When Jillene Golez needs a motivational jolt, she imagines herself on vacation in Cabo, Mexico, looking like Khloé Kardashian as she pops out of the water. During quarantine, Golez, a tech worker in Dallas, had a baby and gained a bit of weight from being at home all day, and she’s longing for the confidence she had last March. Five days a week, she Zooms into a group fitness class with a trainer in California, and then crams in a few more Peloton rides throughout the week. “Maybe it’s vain, but I don’t want to give a presentation on my first day back in the office and worry about my jeans not fitting,” Golez told me. “I don’t want to go back to work and hear people whispering, Oh, she really went through the banana-bread-to-feta-pasta phase.”

Despite fearmongering about the “quarantine 15,” putting on some pounds from experimenting in the kitchen during a tough year is absolutely not something most people need to fret over, says Lindo Bacon, a nutritionist at UC Davis. Focusing on weight as an exercise goal can get dangerous—especially in America, where the weight-loss industry has spent generations promulgating an unhealthy attitude toward dieting and exercise, for women in particular. The pandemic has been a brutally different time, Bacon says, and food has been a reasonable coping mechanism when so many of the usual outlets we rely on aren’t an option.
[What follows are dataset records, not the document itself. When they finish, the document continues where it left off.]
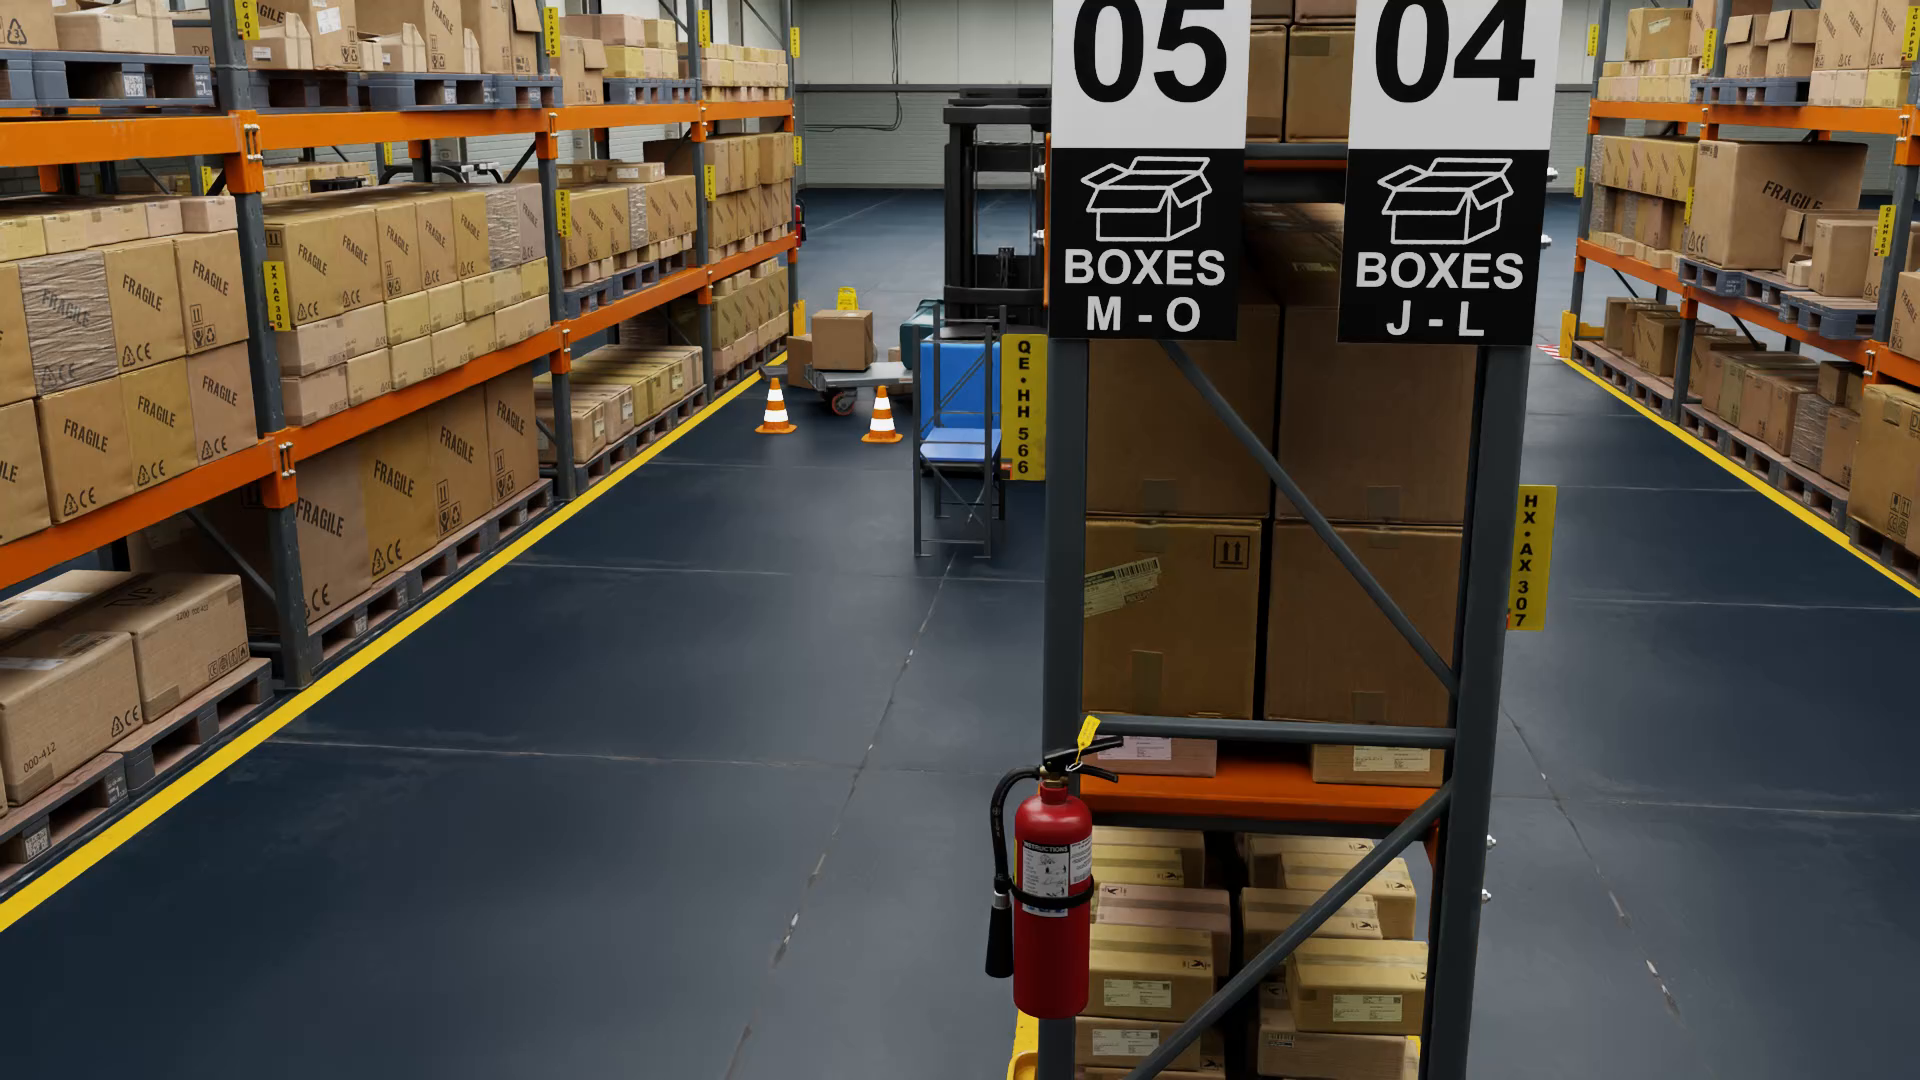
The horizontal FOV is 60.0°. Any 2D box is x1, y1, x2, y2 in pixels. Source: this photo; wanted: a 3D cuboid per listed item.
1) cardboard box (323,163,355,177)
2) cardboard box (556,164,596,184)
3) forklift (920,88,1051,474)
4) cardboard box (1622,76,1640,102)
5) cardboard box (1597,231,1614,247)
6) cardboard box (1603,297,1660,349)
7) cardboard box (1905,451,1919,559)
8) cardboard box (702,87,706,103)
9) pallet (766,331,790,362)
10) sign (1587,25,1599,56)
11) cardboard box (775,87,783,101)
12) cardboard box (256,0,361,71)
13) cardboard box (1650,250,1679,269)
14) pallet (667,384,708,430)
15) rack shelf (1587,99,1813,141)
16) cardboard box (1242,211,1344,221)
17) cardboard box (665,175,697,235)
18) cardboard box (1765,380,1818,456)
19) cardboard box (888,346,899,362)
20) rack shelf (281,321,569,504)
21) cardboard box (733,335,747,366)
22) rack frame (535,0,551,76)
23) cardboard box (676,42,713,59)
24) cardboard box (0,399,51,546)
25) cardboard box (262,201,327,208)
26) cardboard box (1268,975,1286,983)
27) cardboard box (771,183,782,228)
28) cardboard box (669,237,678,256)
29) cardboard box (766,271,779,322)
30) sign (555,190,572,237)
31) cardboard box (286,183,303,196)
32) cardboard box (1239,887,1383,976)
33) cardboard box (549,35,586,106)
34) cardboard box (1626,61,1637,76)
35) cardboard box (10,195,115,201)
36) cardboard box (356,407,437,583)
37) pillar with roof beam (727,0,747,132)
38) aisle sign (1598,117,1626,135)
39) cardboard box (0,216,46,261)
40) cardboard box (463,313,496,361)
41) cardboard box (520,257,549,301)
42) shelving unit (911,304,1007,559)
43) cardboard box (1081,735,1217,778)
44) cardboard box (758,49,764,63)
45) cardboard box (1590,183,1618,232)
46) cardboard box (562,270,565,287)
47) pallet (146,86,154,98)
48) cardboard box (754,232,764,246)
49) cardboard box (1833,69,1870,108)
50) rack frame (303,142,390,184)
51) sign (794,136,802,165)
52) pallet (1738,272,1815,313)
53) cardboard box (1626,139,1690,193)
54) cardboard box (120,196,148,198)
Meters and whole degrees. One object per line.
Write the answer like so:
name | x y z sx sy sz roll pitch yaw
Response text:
cardboard box | -7.197 -4.245 19.109 0.380 0.149 0.250 2 15 8
cardboard box | -3.310 -3.101 14.076 0.380 0.149 0.250 3 15 9
forklift | 0.463 -2.250 13.869 1.130 2.935 3.031 3 15 11
cardboard box | 6.989 -4.531 16.714 0.500 0.250 0.500 2 15 6
cardboard box | 7.053 -3.218 17.799 0.380 0.149 0.250 2 15 6
cardboard box | 7.325 -2.370 18.164 0.500 0.500 0.500 5 16 17
cardboard box | 6.303 -0.228 9.525 1.225 0.875 0.875 2 15 6
cardboard box | -2.604 -4.191 15.649 0.380 0.149 0.250 1 15 5
pallet | -2.570 -2.252 19.085 1.003 0.211 1.213 2 15 6
sign | 6.873 -5.421 18.043 0.100 0.325 0.005 2 15 6
cardboard box | -2.192 -4.988 18.596 0.380 0.149 0.250 2 15 7
cardboard box | -3.401 -2.634 8.414 0.500 0.500 0.500 1 15 5
cardboard box | 6.736 -2.637 15.648 0.380 0.149 0.250 2 15 6
pallet | -2.972 -1.242 15.350 1.003 0.211 1.213 2 15 6
rack shelf | 7.187 -4.117 16.274 1.077 0.370 4.000 2 15 6
cardboard box | 1.304 -1.006 6.458 0.500 0.500 0.500 1 15 4
cardboard box | -2.710 -3.058 15.158 0.500 0.500 0.500 1 15 5
cardboard box | 6.673 -0.932 12.808 0.700 0.500 0.500 3 15 11
cardboard box | -0.575 -2.052 18.465 0.380 0.149 0.250 11 19 35
rack shelf | -3.563 -0.886 10.072 1.077 0.370 4.000 2 15 6
cardboard box | -2.502 -1.949 17.087 0.500 0.250 0.500 3 15 9
rack frame | -3.337 -4.648 11.113 1.000 3.000 0.127 2 15 6
cardboard box | -2.526 -4.574 15.536 0.380 0.149 0.250 1 15 5
cardboard box | -3.756 -0.236 6.095 0.500 0.500 0.500 2 15 8
cardboard box | -3.860 -1.634 9.353 0.500 0.500 0.500 2 15 8
cardboard box | 1.091 1.274 4.790 0.380 0.149 0.250 2 15 6
cardboard box | -2.283 -3.740 18.487 0.500 0.500 0.500 2 15 6
cardboard box | -2.710 -2.594 14.685 0.380 0.149 0.250 1 15 5
cardboard box | -2.321 -2.714 18.478 0.500 0.500 0.500 2 15 8
sign | -2.785 -2.296 11.688 0.100 0.325 0.005 2 15 6
cardboard box | -7.326 -3.772 17.930 0.380 0.149 0.250 1 15 5
cardboard box | 0.999 1.128 4.763 0.380 0.149 0.250 2 15 7
cardboard box | -3.220 -3.494 12.399 0.700 0.500 0.500 2 15 6
cardboard box | 6.987 -4.774 16.847 0.380 0.149 0.250 2 15 6
cardboard box | -4.082 -1.485 7.557 0.380 0.149 0.250 1 15 5
cardboard box | -3.704 -0.290 9.753 0.875 0.875 0.875 2 15 8
pillar with roof beam | -1.355 -12.812 41.305 9.100 9.000 0.400 2 15 6
aisle sign | 7.121 -4.815 18.243 0.394 0.787 0.004 2 15 6
cardboard box | -3.714 -1.140 6.282 0.380 0.149 0.250 1 15 5
cardboard box | -3.251 -1.278 10.429 0.500 0.250 0.500 2 15 6
cardboard box | -3.139 -1.788 11.358 0.500 0.250 0.500 2 15 6
shelving unit | 0.010 -0.746 11.048 0.538 1.500 1.048 2 15 6
cardboard box | 0.446 0.471 4.157 0.380 0.149 0.250 2 15 6
cardboard box | -2.337 -5.246 18.022 0.380 0.149 0.250 2 15 7
cardboard box | 7.323 -3.585 17.913 0.875 0.500 0.500 2 15 6
cardboard box | -3.115 -1.913 12.165 0.380 0.149 0.250 1 15 3
pallet | -7.905 -4.062 15.056 0.805 0.209 1.217 1 15 4
cardboard box | -2.339 -3.269 17.986 0.380 0.149 0.250 2 15 6
cardboard box | 6.362 -3.096 11.405 0.500 0.250 0.500 2 15 6
rack frame | -7.367 -3.972 20.106 1.000 3.000 0.127 2 15 6
sign | -1.885 -4.517 19.297 0.100 0.325 0.005 2 15 6
pallet | 6.693 -1.882 12.745 1.003 0.211 1.213 2 15 6
cardboard box | 6.911 -3.686 16.371 0.500 0.500 0.500 2 15 6
cardboard box | -7.647 -3.134 15.571 0.380 0.149 0.250 1 15 5

Weight naturally fluctuates based on circumstance, so once everyone goes back to their sweatpants-less lives of actually leaving their homes, the added pounds should slowly melt away without predawn workouts.

[Read: ]There’s no real reason to eat 3 meals a day

That didn’t stop many people I spoke with from fixating on their weight. Sometimes, our conversations took a sudden turn from breaking down lifting schedules and reciting mile times to a deeper acknowledgment of the anxiety, depression, and shame that have accompanied this pandemic. The uniquely difficult nature of life in quarantine is that the isolation makes it hard to see how other people are going through the same thing. “The lack of ability to be with each other in 3-D is definitely adding to this feeling that It’s only me; I’m the only one who is struggling,” Christy Harrison, a dietician and the author of Anti-diet, told me.  
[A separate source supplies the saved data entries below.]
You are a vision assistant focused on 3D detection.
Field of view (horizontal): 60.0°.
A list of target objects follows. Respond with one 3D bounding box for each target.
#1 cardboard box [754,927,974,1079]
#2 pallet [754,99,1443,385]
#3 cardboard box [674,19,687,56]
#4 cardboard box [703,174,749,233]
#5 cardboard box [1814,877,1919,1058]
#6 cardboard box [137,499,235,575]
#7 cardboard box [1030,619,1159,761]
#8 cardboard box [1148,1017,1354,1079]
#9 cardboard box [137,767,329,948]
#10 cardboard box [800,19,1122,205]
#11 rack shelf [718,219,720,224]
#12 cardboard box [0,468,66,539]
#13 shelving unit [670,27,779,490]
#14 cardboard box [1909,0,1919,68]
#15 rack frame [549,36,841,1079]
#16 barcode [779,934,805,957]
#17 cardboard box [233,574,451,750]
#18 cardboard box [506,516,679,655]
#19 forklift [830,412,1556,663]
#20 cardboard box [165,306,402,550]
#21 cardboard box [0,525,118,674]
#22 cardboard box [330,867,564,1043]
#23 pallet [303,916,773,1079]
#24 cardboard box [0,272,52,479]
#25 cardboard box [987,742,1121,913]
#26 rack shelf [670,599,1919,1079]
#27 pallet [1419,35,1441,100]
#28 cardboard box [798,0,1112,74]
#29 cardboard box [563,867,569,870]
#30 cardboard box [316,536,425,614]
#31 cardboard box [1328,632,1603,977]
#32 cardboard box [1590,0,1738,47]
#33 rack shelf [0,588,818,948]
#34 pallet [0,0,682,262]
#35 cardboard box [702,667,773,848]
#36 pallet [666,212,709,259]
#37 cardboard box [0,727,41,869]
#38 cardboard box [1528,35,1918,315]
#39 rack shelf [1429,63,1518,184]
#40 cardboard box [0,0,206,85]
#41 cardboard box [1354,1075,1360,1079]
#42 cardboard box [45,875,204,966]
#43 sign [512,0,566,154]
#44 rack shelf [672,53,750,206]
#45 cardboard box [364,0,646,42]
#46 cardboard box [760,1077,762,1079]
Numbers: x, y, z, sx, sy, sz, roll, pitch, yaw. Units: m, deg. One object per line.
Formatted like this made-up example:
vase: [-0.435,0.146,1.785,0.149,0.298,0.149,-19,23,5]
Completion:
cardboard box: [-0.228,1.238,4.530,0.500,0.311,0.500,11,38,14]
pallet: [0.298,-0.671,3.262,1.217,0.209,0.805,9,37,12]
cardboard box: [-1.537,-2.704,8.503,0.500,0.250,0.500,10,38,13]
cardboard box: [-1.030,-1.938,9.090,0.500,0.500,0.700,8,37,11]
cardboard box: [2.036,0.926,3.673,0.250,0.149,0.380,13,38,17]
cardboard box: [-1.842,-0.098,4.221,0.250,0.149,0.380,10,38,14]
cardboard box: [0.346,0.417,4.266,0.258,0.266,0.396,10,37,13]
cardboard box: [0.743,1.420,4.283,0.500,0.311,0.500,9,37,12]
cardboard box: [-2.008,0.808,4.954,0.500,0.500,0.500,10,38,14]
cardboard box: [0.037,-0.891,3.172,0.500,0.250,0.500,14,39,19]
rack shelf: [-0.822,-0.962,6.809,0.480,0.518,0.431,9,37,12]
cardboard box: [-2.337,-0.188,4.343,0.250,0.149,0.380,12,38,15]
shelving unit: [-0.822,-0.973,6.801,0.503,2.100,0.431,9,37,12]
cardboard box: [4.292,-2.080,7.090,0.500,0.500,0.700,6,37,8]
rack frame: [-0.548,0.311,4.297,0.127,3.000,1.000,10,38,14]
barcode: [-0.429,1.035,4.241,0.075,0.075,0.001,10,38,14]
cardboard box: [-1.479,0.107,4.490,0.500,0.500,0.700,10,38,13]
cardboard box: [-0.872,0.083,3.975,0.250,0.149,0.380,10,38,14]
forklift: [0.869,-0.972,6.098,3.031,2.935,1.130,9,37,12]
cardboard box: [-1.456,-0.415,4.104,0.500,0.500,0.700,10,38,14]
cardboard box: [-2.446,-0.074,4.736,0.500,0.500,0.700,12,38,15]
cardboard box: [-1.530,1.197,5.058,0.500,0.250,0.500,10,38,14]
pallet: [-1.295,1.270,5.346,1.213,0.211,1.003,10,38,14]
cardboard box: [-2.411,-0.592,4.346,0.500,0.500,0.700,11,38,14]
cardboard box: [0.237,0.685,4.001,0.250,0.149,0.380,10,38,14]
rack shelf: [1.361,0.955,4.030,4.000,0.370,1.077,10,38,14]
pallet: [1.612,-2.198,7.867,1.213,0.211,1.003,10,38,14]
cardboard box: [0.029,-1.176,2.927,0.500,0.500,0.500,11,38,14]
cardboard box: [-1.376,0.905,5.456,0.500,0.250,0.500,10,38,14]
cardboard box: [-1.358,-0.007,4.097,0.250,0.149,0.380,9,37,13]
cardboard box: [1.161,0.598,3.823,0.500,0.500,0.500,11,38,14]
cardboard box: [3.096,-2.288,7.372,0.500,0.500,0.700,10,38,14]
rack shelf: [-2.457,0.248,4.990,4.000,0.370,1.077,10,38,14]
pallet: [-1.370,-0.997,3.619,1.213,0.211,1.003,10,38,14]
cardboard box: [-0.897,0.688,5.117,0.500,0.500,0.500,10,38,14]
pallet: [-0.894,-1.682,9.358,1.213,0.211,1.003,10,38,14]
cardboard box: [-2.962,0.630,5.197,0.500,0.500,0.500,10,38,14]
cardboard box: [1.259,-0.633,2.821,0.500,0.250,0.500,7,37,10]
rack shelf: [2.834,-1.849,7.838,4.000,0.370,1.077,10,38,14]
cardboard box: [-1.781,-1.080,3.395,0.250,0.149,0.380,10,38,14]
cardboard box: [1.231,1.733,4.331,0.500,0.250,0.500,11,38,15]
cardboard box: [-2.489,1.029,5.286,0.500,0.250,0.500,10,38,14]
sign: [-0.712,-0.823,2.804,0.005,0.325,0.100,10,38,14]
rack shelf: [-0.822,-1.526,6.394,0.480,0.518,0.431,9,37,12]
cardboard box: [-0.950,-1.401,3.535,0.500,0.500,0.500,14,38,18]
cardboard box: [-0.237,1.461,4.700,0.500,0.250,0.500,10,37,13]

The past year hasn’t been great for Ayla, a 33-year-old mother in DeKalb, Illinois. “The pandemic has beaten me up, and I don’t want to look how I feel,” she told me. (The Atlantic agreed to identify Ayla by her first name only so that she could candidly discuss her quarantine struggles.) She’s seen people on social media bragging about their achievements this year, so she now wakes up at 6 a.m. and switches between taking YouTube fitness classes and lifting dumbbells to get in shape for her birthday in May.
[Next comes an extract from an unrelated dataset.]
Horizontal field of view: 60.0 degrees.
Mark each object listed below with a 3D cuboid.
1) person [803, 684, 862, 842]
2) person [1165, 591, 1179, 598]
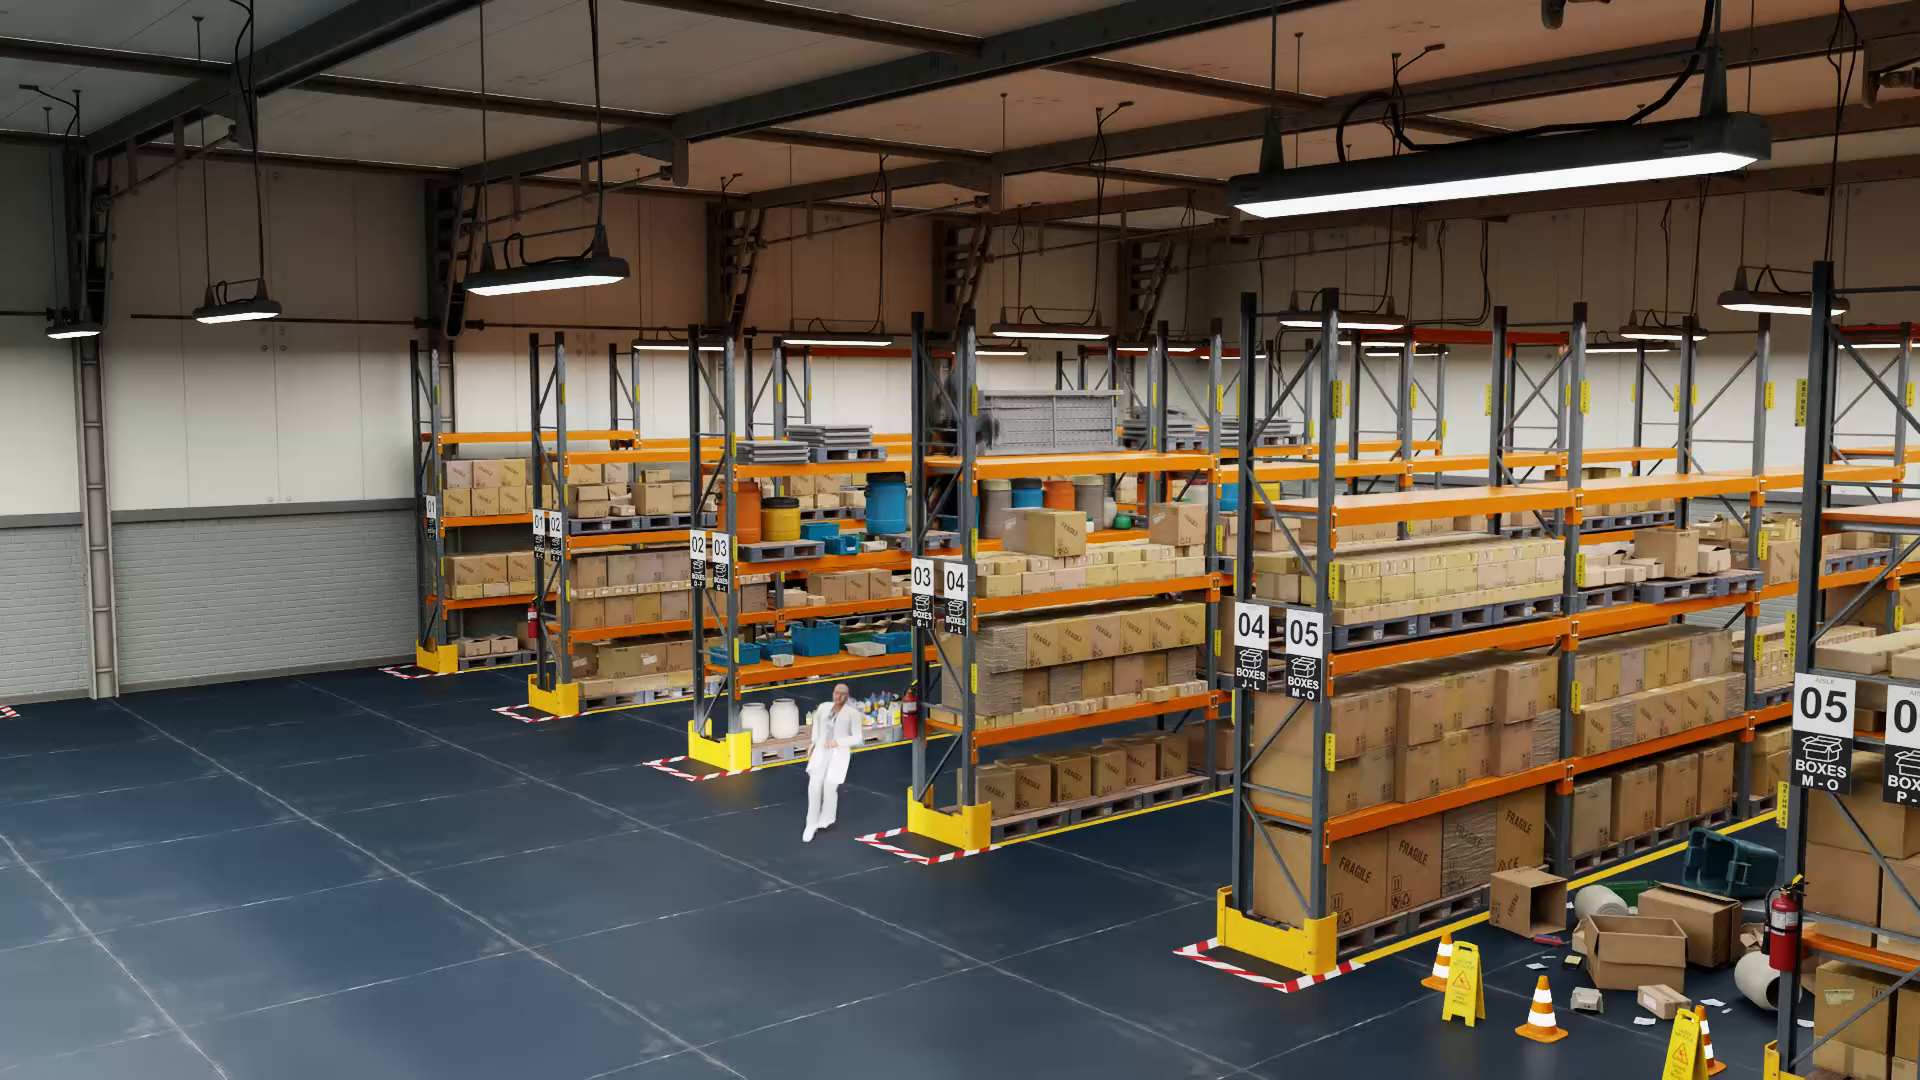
[{"bbox_3d":[-1.443,2.521,19.083,0.689,1.758,0.763,1,5,12],"label":"person"},{"bbox_3d":[4.147,1.273,32.536,0.675,1.753,0.887,5,7,43],"label":"person"}]

When exercise is driven by self-contempt, jealousy, or unattainable goals, it can easily cause more harm than good. Still, the people I spoke with also told me how liberating it can be to merely fuss over their glutes, stomachs, and biceps again, rather than worrying how long their bodies would make it before falling into the grips of a deadly virus. Really, says Michelle Segar, a motivational psychologist at the University of Michigan, the value of bench-pressing your way to boulders for pecs ultimately comes down to what you’re out to achieve. After a terrible, horrible, no-good, very bad year, getting totally ripped “could reflect a shedding of the whole negative, complicated experience, not just any extra pounds,” she told me. For some people, lunging and squatting their way to a post-pandemic beach bod has become the best strategy to put this nightmare behind them.

One month into my workout routine, my arms are still more angel hair than rigatoni. Some days I relish the sweaty glee of hitting a personal record on the bike, but other days I struggle to stick to my routine. I’ve come to accept that I’ll more realistically be drinking a six pack in July than showing one off. But for me, getting fit is about more than some protein-addled desire to feel better about what I’ve been up to over the past year. I’m so, so sick of wearing the same schlubby T-shirts every day. Zoom, ughhh. My beard is now so patchy that it’s turned my face into a Jackson Pollock painting. Normalcy isn’t quite here yet, but it’s close enough for me to be vain again, and let me tell you, that feels wonderful.